Other conditions that induce tRNA misacylation and identification of mistranslated peptides. (A) tRNA misacylation during anaerobic respiration with nitrate. (B) Misacylation after 10 μM chloramphenicol was added with the ³⁵S-methioine pulse label. (C) Example fragmentation spectrum indicating leucine-to-methionine mistranslation in peptide TL*LYAINGGVDEK (from TdcE, 2-ketobutyrate/pyruvate-formate lyase), where L2 has been replaced with M, here detected as the sulfoxide. Matched b-ions (red) and y-ions (blue) are indicated by colored peaks in the spectrum and bold numbers in the sequence legend, and site-determining ions for the mistranslation at L2 (b2+ and y11+) are highlighted. (D) Gene names and the peptide locations (in parenthesis) of the Leu-to-Met substituted peptides grouped according to their functions as enzymes, non-enzymes or unknown.

Figure 3.

Succinyl-lysine modifications in E. coli MetRS confer high tRNA charging fidelity to the promiscuous, unmodified enzyme. (A) tRNA microarray showing tRNA misacylation in vitro by the purified, recombinant MetRS. (B) In vitro tRNA charging by purified MetRS that has been pre-incubated with succinyl-CoA, acetyl-CoA or coenzyme A prior to the charging reaction. (C) In vitro tRNA charging by purified MetRS in the presence of succinyl-CoA without preincubation, or in the presence and with preincubation with succinate. (D) Western blot for succinyl-lysine on purified chromosomally his-tagged MetRS that was obtained from E. coli growing aerobically, anaerobically and with antibiotic exposure. MetRS loading control was visualized via Ponceau S straining of the membrane following exposure.

Figure 4.

Succinylation at Lys362 or Lys388 is sufficient to confer high fidelity to E. coli MetRS. (A) Mass spectrometry spectra showing succinylation at Lys362 (top) and Lys388 (bottom) in MetRS during the in vitro succinylation reaction. (B) In vitro tRNA charging by mutant MetRS enzymes containing Glu substitutions at lysine 362 or 388. (C) tRNA charging with Met by WT and mutant MetRSs at 37°C with 100 nM MetRS and 100 μM total E. coli tRNA. (D) In vitro tRNA charging by the mutant MetRS containing alanine substitution at Lys362. (E) E. coli MetRS crystal structure highlighting the regulatory sites 362 (top residue) and 388 (bottom residue) along the putative tRNA binding interface.

Figure 5.

Lysine conservation at the homologous MetRS regulatory sites.

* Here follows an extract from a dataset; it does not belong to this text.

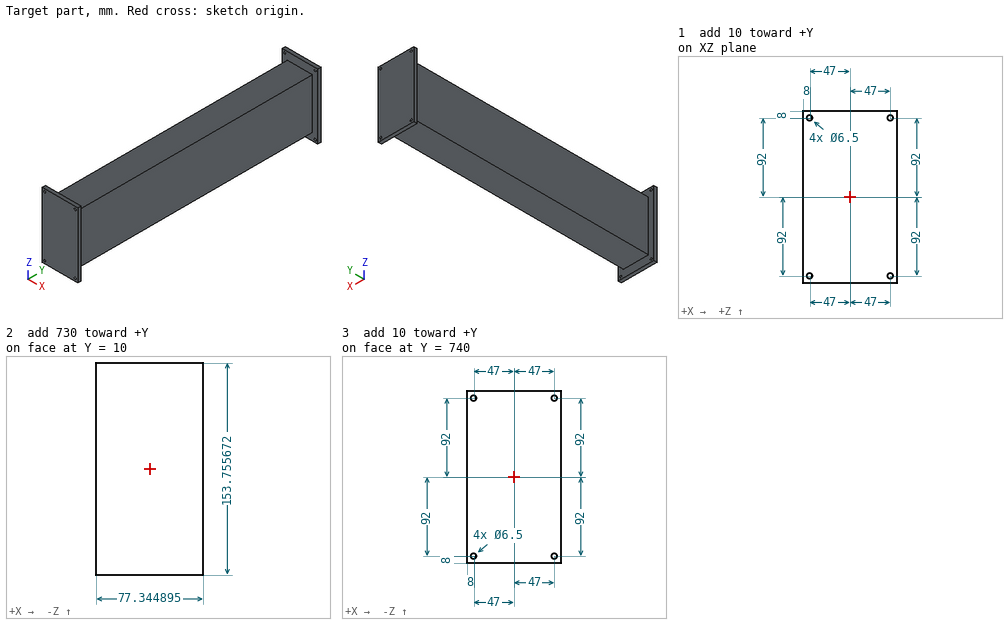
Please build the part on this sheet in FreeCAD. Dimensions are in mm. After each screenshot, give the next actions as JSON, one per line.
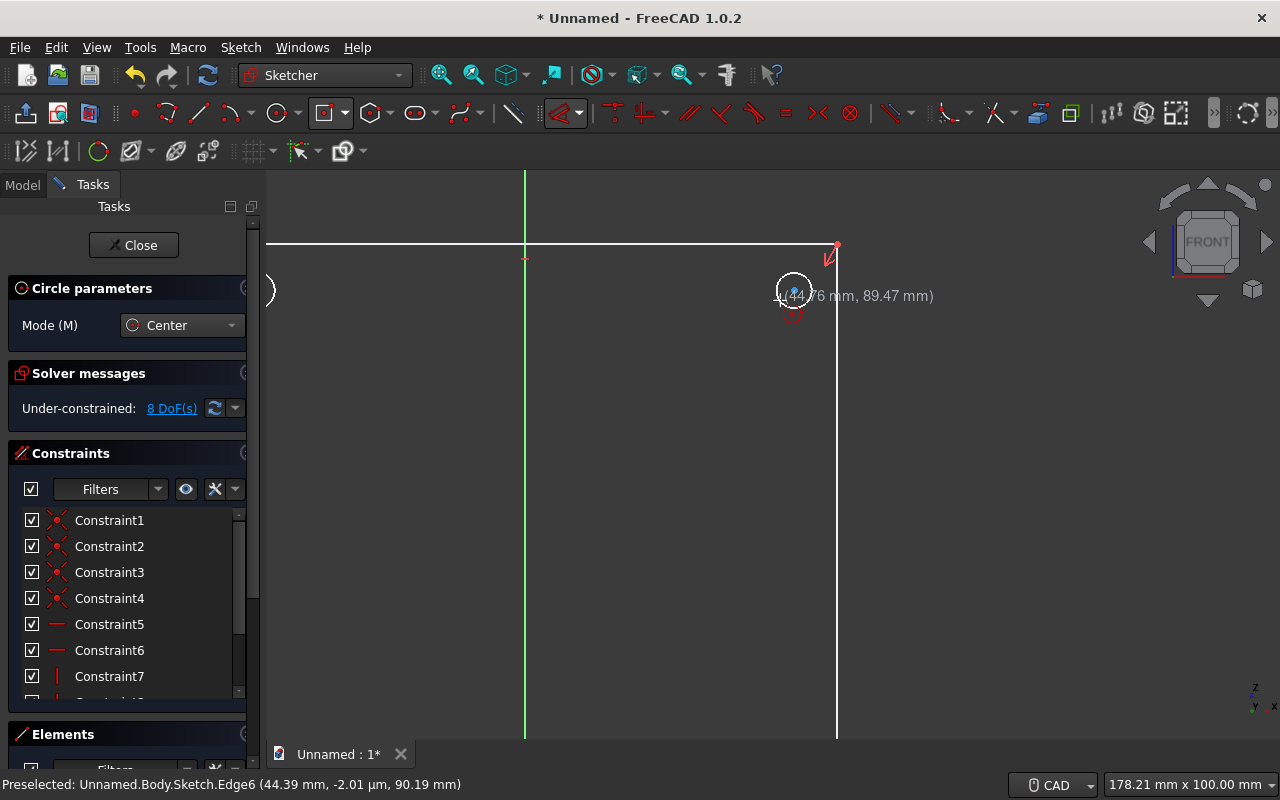
{"action": "scroll", "coordinate": [782, 301], "scroll_direction": "down", "scroll_amount": 6}

Amino acid identity of homologous MetRS regulatory sites 362 and 388 in (A) Gammaproteobacteria and (B) Betaproteobacteria with representative sequence alignments showing E. coli as a reference.

Figure 6.

Strains incapable of tRNA misacylation with Met are less adept at growth in the presence of antibiotics and stressors. (A) Semi-quantitative heatmap of anaerobic tRNA misacylation with Met to individual tRNA species in the WT, misacylation deficient mutant strains and their revertants. The revertants were distinguished from the WT strain through the preservation of the synonymous codon mutations at two adjacent codons to the respective Lys362 or 388 site in the MetRS gene made in the mutants. (B) Mutant growth quantification compared to WT in Biolog phenotype microarrays organized by condition or stress types. All individual compounds and media conditions used can be found under http://www.biolog.com/products-static/phenotype_microbial_cells_use.php. (C) LB plate dilution assay showing growth of WT, mutants and revertants with and without 10 μM chloramphenicol–the same concentration used to induce mismethionylation in Figure 2B.